In particular, in order to generate the Funds’ positive returns and attract and retain capital, prosecutors say AGI fraudulently misled investors regarding the risk taken on by the funds. Among other things, AGI misrepresented the hedging and other risk-mitigation strategies that were undertaken to protect investor funds. Investors also received documents altered to hide the riskiness of the Funds’ investments. Instead of managing the Funds as promised to investors, AGI deployed an investment strategy that prioritized returns over risk management in ways that were fundamentally inconsistent with representations made to investors. As a result of this scheme to defraud, investors’ funds were exposed to higher risk than promised, and investors were deprived of information about the true risks to which their investments were exposed.
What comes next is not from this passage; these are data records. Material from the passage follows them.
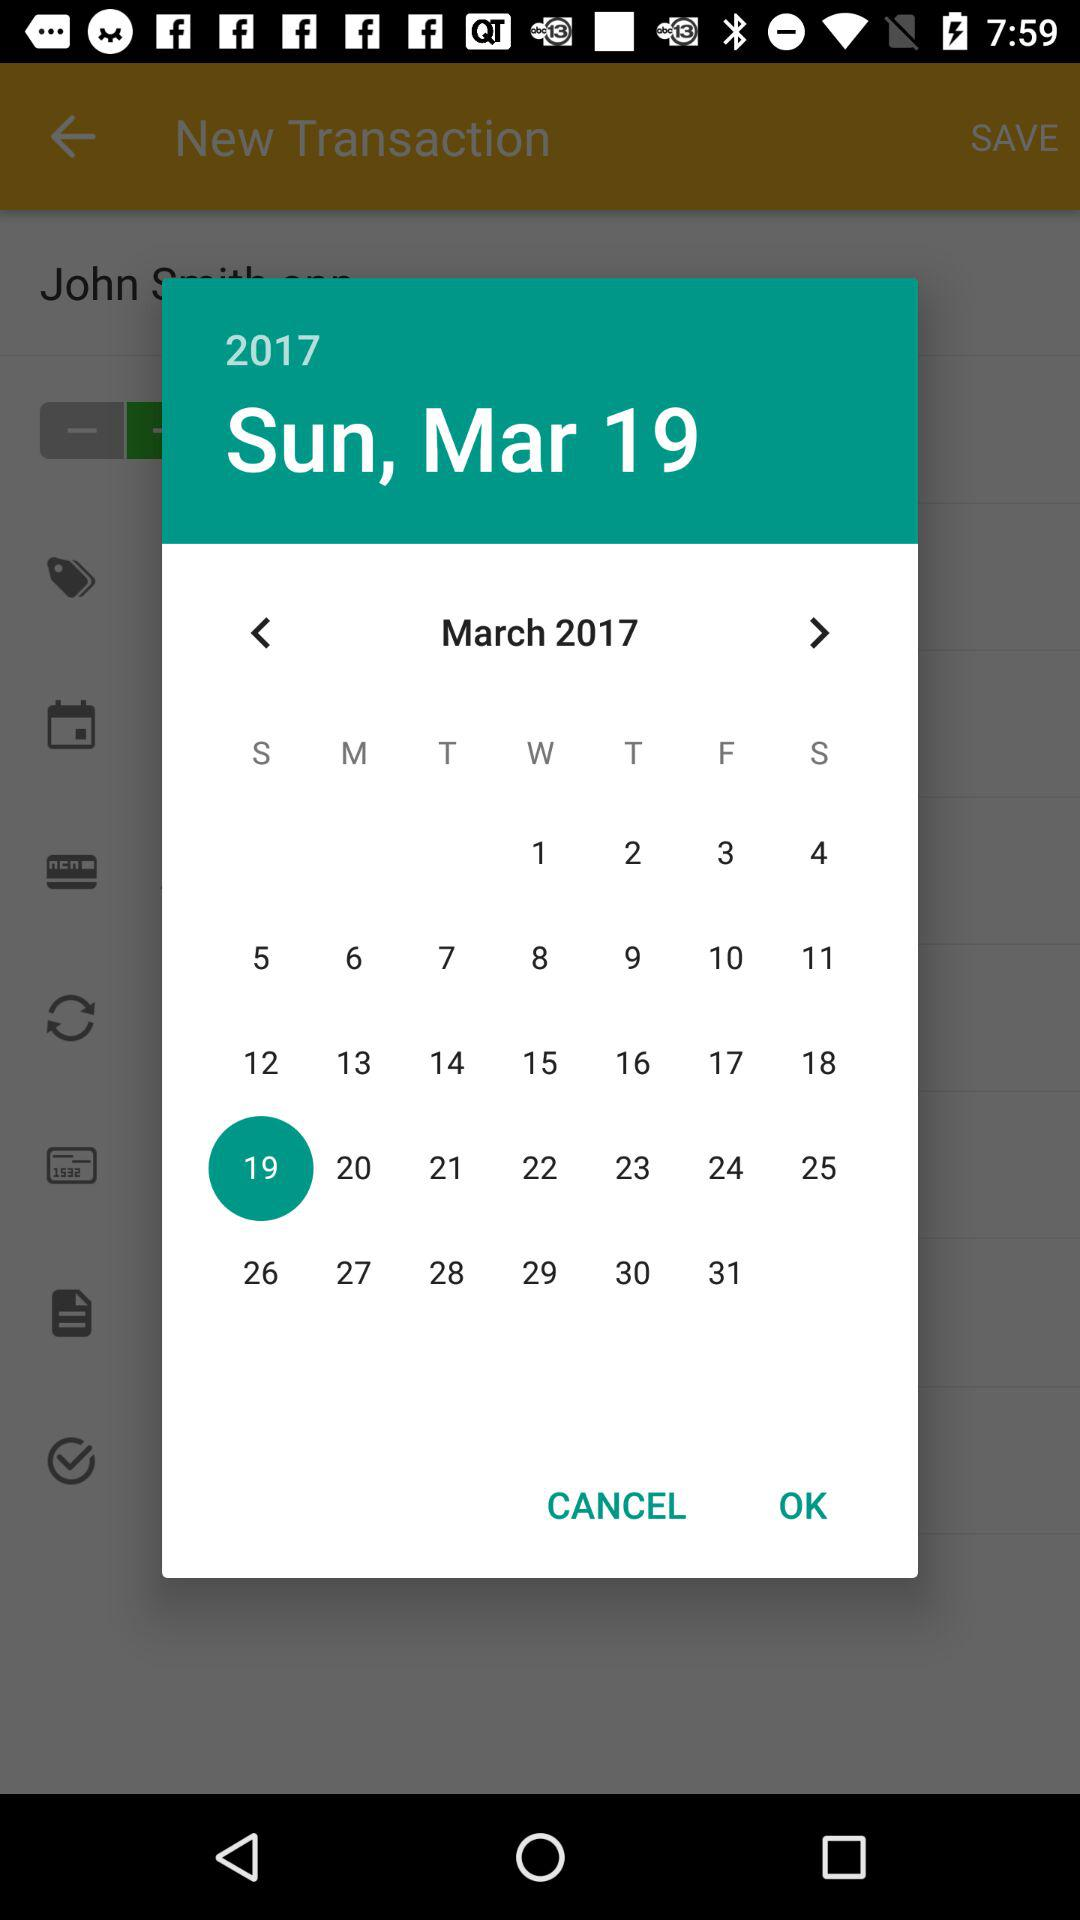What is the selected date? The selected date is Sunday, March 19, 2017. 
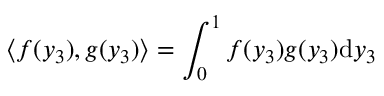<formula> <loc_0><loc_0><loc_500><loc_500>\left \langle f ( y _ { 3 } ) , g ( y _ { 3 } ) \right \rangle = \int _ { 0 } ^ { 1 } f ( y _ { 3 } ) g ( y _ { 3 } ) d y _ { 3 }</formula> 
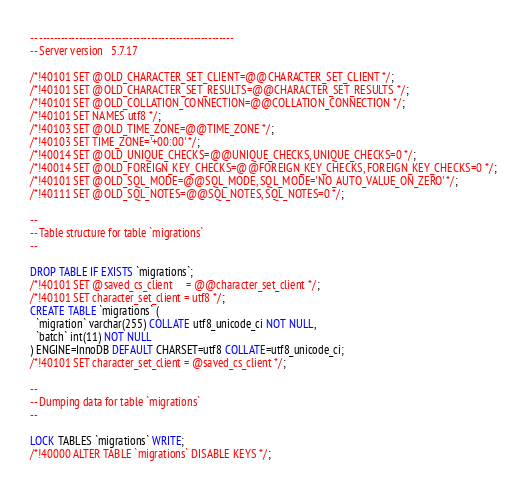Convert code to text. <code><loc_0><loc_0><loc_500><loc_500><_SQL_>-- ------------------------------------------------------
-- Server version	5.7.17

/*!40101 SET @OLD_CHARACTER_SET_CLIENT=@@CHARACTER_SET_CLIENT */;
/*!40101 SET @OLD_CHARACTER_SET_RESULTS=@@CHARACTER_SET_RESULTS */;
/*!40101 SET @OLD_COLLATION_CONNECTION=@@COLLATION_CONNECTION */;
/*!40101 SET NAMES utf8 */;
/*!40103 SET @OLD_TIME_ZONE=@@TIME_ZONE */;
/*!40103 SET TIME_ZONE='+00:00' */;
/*!40014 SET @OLD_UNIQUE_CHECKS=@@UNIQUE_CHECKS, UNIQUE_CHECKS=0 */;
/*!40014 SET @OLD_FOREIGN_KEY_CHECKS=@@FOREIGN_KEY_CHECKS, FOREIGN_KEY_CHECKS=0 */;
/*!40101 SET @OLD_SQL_MODE=@@SQL_MODE, SQL_MODE='NO_AUTO_VALUE_ON_ZERO' */;
/*!40111 SET @OLD_SQL_NOTES=@@SQL_NOTES, SQL_NOTES=0 */;

--
-- Table structure for table `migrations`
--

DROP TABLE IF EXISTS `migrations`;
/*!40101 SET @saved_cs_client     = @@character_set_client */;
/*!40101 SET character_set_client = utf8 */;
CREATE TABLE `migrations` (
  `migration` varchar(255) COLLATE utf8_unicode_ci NOT NULL,
  `batch` int(11) NOT NULL
) ENGINE=InnoDB DEFAULT CHARSET=utf8 COLLATE=utf8_unicode_ci;
/*!40101 SET character_set_client = @saved_cs_client */;

--
-- Dumping data for table `migrations`
--

LOCK TABLES `migrations` WRITE;
/*!40000 ALTER TABLE `migrations` DISABLE KEYS */;</code> 
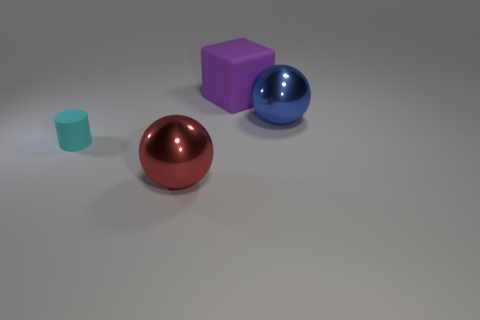There is a metallic object that is to the left of the blue metallic thing; how many large metal things are on the left side of it?
Provide a short and direct response. 0. There is a tiny rubber object; is its color the same as the metal object left of the purple matte block?
Provide a succinct answer. No. There is a cube that is the same size as the blue metal thing; what is its color?
Make the answer very short. Purple. Are there any other large metallic things that have the same shape as the red metallic thing?
Make the answer very short. Yes. Are there fewer blue rubber cylinders than red metal spheres?
Provide a short and direct response. Yes. There is a shiny ball that is to the left of the blue metallic sphere; what is its color?
Offer a very short reply. Red. There is a matte object that is left of the object in front of the small object; what shape is it?
Your answer should be compact. Cylinder. Is the material of the tiny cyan cylinder the same as the ball that is right of the red metallic thing?
Offer a very short reply. No. How many green blocks have the same size as the red thing?
Ensure brevity in your answer.  0. Are there fewer big purple cubes in front of the blue ball than large purple rubber blocks?
Provide a short and direct response. Yes. 
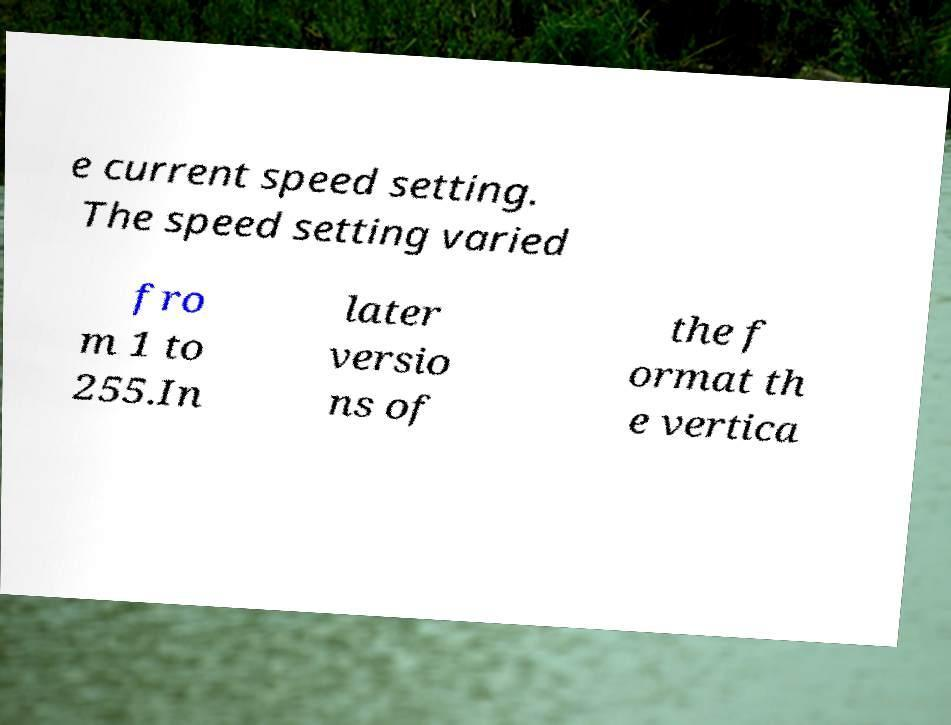For documentation purposes, I need the text within this image transcribed. Could you provide that? e current speed setting. The speed setting varied fro m 1 to 255.In later versio ns of the f ormat th e vertica 
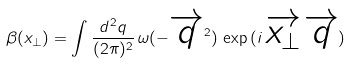<formula> <loc_0><loc_0><loc_500><loc_500>\beta ( x _ { \perp } ) = \int \frac { d ^ { 2 } q } { ( 2 \pi ) ^ { 2 } } \, \omega ( - \overrightarrow { q } ^ { 2 } ) \, \exp \, ( i \, \overrightarrow { x _ { \perp } } \, \overrightarrow { q } )</formula> 
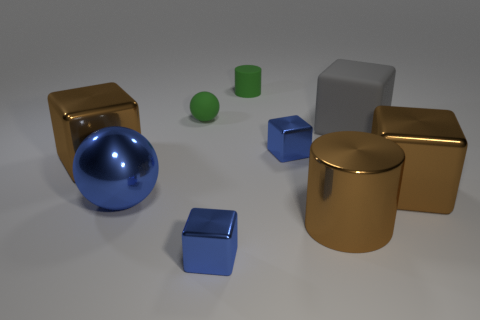Subtract all green cylinders. How many blue blocks are left? 2 Subtract all blue blocks. How many blocks are left? 3 Subtract all brown cubes. How many cubes are left? 3 Add 1 brown metal cylinders. How many objects exist? 10 Subtract all spheres. How many objects are left? 7 Subtract all yellow blocks. Subtract all yellow cylinders. How many blocks are left? 5 Add 5 metallic cylinders. How many metallic cylinders exist? 6 Subtract 1 blue cubes. How many objects are left? 8 Subtract all metal spheres. Subtract all matte things. How many objects are left? 5 Add 2 big gray objects. How many big gray objects are left? 3 
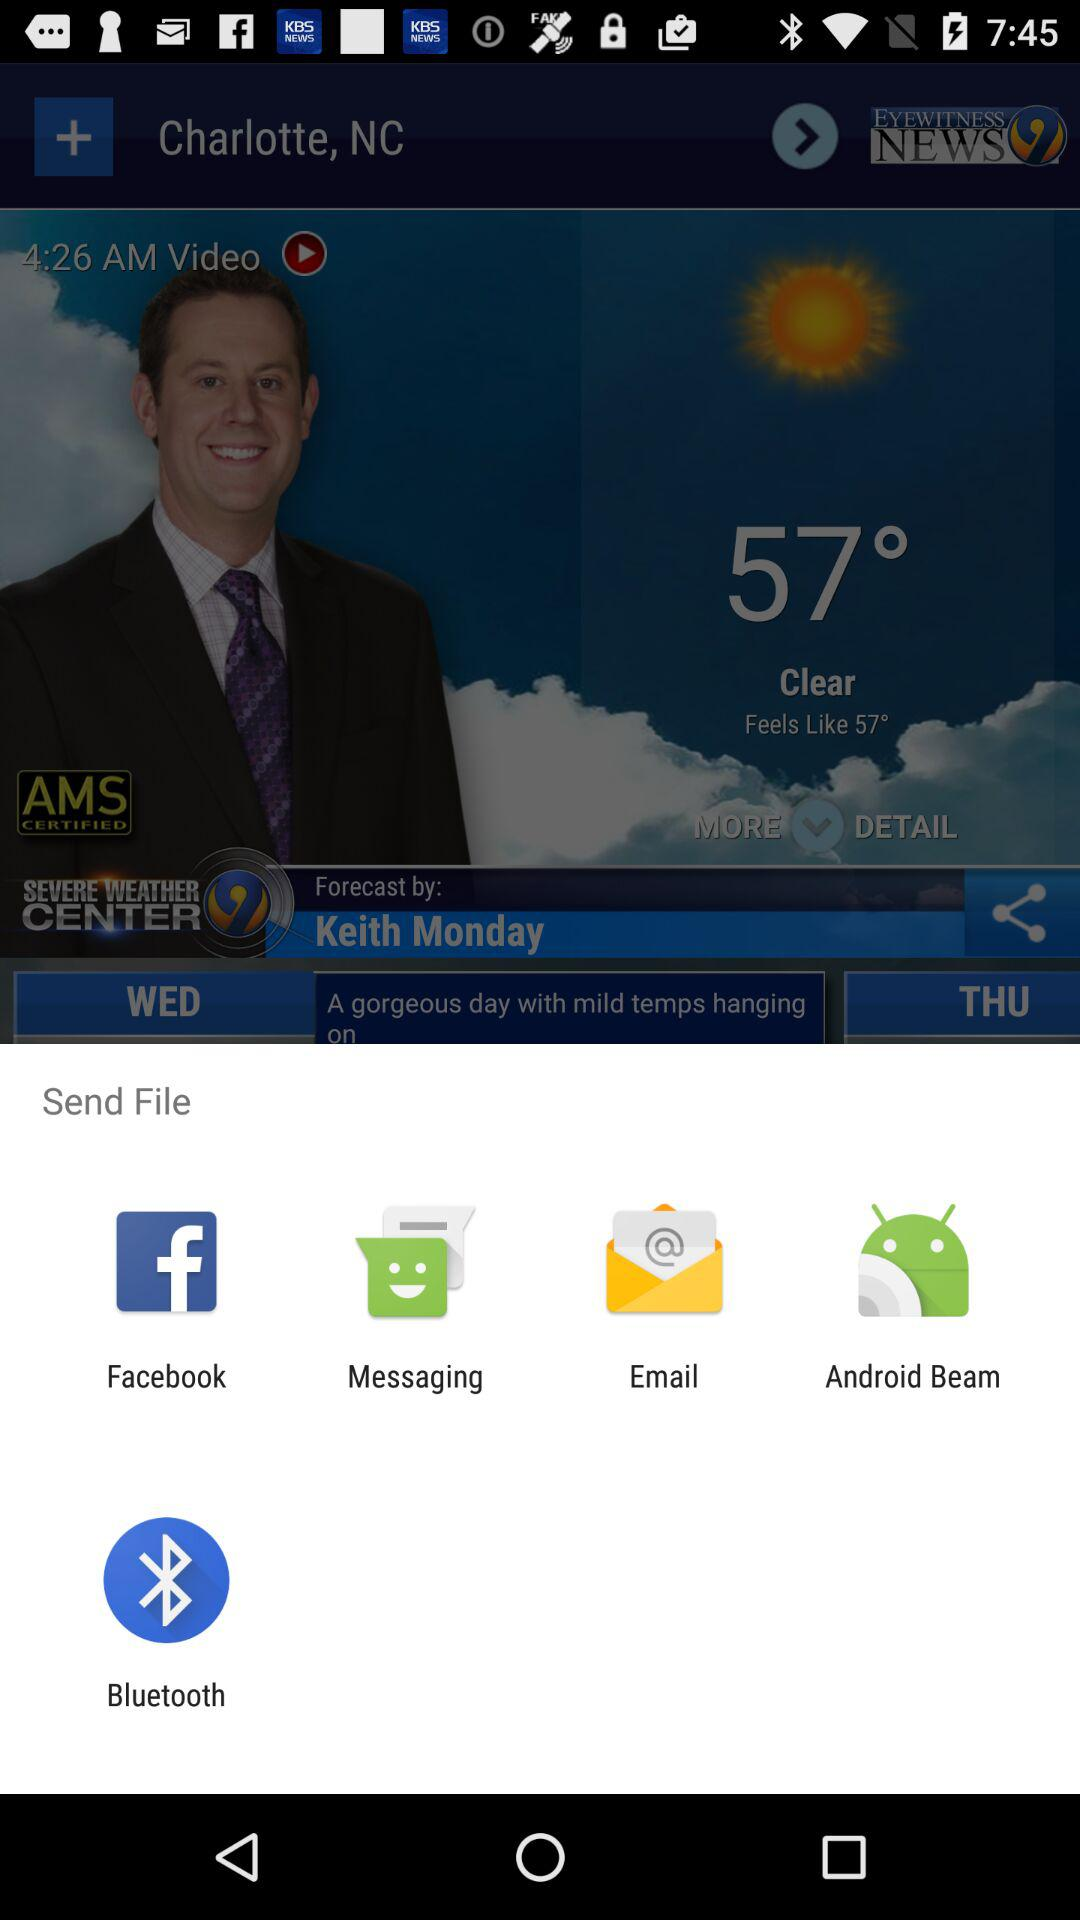What is the news channel name? The news channel name is EYEWITNESS NEWS 9.

After the market dislocations following the onset of the COVID-19 pandemic in March 2020, the Funds lost in excess of $8 billion in market value and $3 billion in principal, faced margin calls and redemption requests, and ultimately were shut down. More than 100 investors were victims of this scheme, including, among others, pension funds for teachers, religious organizations, bus drivers, engineers, and other individuals, universities, and charitable organizations.

U.S. Attorney Damian Williams said: “Telling the truth to investors is the core duty of an investment adviser. AGI violated that central tenet and deceived investors by materially understating the risk to which their assets were exposed.”

In the wake of the criminal case, Allianz moved about $120 billion of investor assets to Voya Financial in exchange for a 24% stake in Voya’s asset management business.